The financial activity of the French companies was only interrupted by the 1870 war. The only competition met with was that of a few English banks, which no doubt intended to second the views of the British Government in Egypt, and of an Austrian syndicate for the building of the Balkan railways which, later on, furthered the penetration of Austria-Hungary in Eastern Europe.
In 1875 the nominal capital of the Ottoman debt rose to 5,297,676,500 francs. The Ottoman Government, finding it impossible to pay the interest on the Government stocks, announced its decision on October 6, 1875, to give only one-half in cash in the future. The Imperial Ottoman Bank, which was practically under French control owing to the importance of the French capital invested in it, raised a protest on behalf of the bondholders.
The Porte then agreed to make arrangements with the French, the Italians, the Austrians, the Germans, and the Belgians. The claims of the bondholders were laid before the plenipotentiaries who had met at Berlin to revise the preliminaries of San Stefano, and were sanctioned by the Berlin treaty signed on July 13, 1878. They had three chief objects: First, to secure the right of first mortgage which the creditors of the Empire held from the loans secured on the Russian war indemnity; secondly, to appoint the contributive share of the Ottoman debt incumbent on the provinces detached from the Empire; thirdly, to decide what was to be done to restore Turkish finance.
After the conversations with the plenipotentiaries assembled at Berlin, and chiefly owing to the intervention of the French representative, M. Waddington, the Congress embodied the following clauses in the treaty in order to protect the interests of the bond-holders: Bulgaria was to pay the Sultan a tribute; part of the revenue of Eastern Rumelia was to be assigned to the payment of the Ottoman Public Debt; Bulgaria, Serbia, and Montenegro were to assume a part of the Ottoman debt proportionately to the Turkish territories annexed by each of them; all the rights and duties of the Porte relating to the railways of Eastern Rumelia were to be wholly maintained; finally, the Powers advised the Sublime Porte to establish an international financial commission in Constantinople.
In this way the Berlin treaty laid down the principles on which every financial reorganisation was to be based whenever a province should be detached from the Ottoman Empire.
Then the mandatories of the bondholders began to negotiate directly with the Ottoman Empire, but as the various schemes that were proferred failed, the Imperial Ottoman Bank, supported by the Galata bankers, proposed an arrangement that was sanctioned by the Convention of November 10 to 22, 1879. In this way the administration of the Six Contributions was created, to which were farmed out for a period of ten years the revenues derived from stamp duties, spirits in some provinces, the fisheries of Constantinople and the suburbs, and the silk tax within the same area and in the suburbs of Adrianople, Brusa, and Samsun; it was also entrusted with the collection and administration of the revenues proceeding from the monopolies in salt and tobacco.

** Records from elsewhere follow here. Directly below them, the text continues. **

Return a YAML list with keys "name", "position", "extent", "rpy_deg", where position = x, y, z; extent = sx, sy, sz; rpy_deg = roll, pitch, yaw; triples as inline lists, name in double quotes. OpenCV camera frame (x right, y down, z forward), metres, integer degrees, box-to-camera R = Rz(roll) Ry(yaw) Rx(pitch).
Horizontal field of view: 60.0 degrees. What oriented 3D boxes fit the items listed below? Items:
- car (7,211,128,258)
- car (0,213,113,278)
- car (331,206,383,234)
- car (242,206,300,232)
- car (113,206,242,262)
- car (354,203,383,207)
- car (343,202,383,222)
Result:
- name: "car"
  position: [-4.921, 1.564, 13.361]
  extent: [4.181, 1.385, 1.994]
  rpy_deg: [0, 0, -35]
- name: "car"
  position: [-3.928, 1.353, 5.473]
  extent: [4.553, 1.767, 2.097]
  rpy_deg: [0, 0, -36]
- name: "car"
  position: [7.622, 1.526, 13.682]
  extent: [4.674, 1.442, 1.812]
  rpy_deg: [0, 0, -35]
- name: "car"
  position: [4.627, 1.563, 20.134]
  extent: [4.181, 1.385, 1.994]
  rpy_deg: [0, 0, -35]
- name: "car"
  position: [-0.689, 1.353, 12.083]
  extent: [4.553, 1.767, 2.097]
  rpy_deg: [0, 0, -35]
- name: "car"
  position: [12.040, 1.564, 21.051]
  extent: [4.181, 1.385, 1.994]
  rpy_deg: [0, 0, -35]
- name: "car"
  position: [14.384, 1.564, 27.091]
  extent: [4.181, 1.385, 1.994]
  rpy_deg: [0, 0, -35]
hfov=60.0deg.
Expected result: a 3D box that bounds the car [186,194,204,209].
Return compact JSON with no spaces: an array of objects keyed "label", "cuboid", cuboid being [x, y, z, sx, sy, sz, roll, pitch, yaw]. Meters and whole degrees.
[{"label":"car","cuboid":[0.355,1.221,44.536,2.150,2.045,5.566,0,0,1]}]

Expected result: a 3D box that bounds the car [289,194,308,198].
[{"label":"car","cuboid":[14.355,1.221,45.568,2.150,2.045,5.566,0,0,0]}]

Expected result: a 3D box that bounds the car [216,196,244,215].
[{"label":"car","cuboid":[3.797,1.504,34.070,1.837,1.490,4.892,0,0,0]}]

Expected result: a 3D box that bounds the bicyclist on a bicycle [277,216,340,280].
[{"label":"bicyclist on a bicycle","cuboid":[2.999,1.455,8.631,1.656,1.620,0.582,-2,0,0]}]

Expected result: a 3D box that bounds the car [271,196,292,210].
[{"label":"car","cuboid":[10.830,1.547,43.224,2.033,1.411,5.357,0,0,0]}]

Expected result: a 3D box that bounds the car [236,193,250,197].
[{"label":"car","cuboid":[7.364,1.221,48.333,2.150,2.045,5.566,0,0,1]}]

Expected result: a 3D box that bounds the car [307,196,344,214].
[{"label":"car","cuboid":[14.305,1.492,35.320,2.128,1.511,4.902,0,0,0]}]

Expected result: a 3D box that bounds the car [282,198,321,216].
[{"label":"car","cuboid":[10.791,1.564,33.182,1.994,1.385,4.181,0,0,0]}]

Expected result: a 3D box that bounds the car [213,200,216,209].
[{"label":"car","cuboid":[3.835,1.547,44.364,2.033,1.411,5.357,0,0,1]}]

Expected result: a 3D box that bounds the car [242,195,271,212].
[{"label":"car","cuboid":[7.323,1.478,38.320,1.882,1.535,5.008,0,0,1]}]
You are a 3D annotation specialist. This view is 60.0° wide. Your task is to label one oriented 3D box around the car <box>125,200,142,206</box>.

At the request of the Imperial Ottoman Bank the revenues of this administration, first allocated to the Priority Bonds, of which she owned the greater part, were divided later on between all the bondholders.
In this way the important agreement known as the decree of Muharrem, in which the French played a paramount part, was made possible (December 8 to 20, 1881), according to which the original capital of the foreign Turkish loans was brought down to the average price of issue, plus 10 per cent. of this new capital as a compensation for the interest that had not been paid since 1876. The old bonds were stamped, converted, and exchanged for new bonds called Bonds of the Unified Converted Debt, except the “Lots Turcs,” which, being premium bonds, were treated separately.
The interest of the Converted Debt was fixed at from 1 to 4 per cent. of the new capital.
As to the amortisation, the decree divided the various foreign loans into several series according to the value of the mortgage; this classification stated in what order they would be subject to amortisation.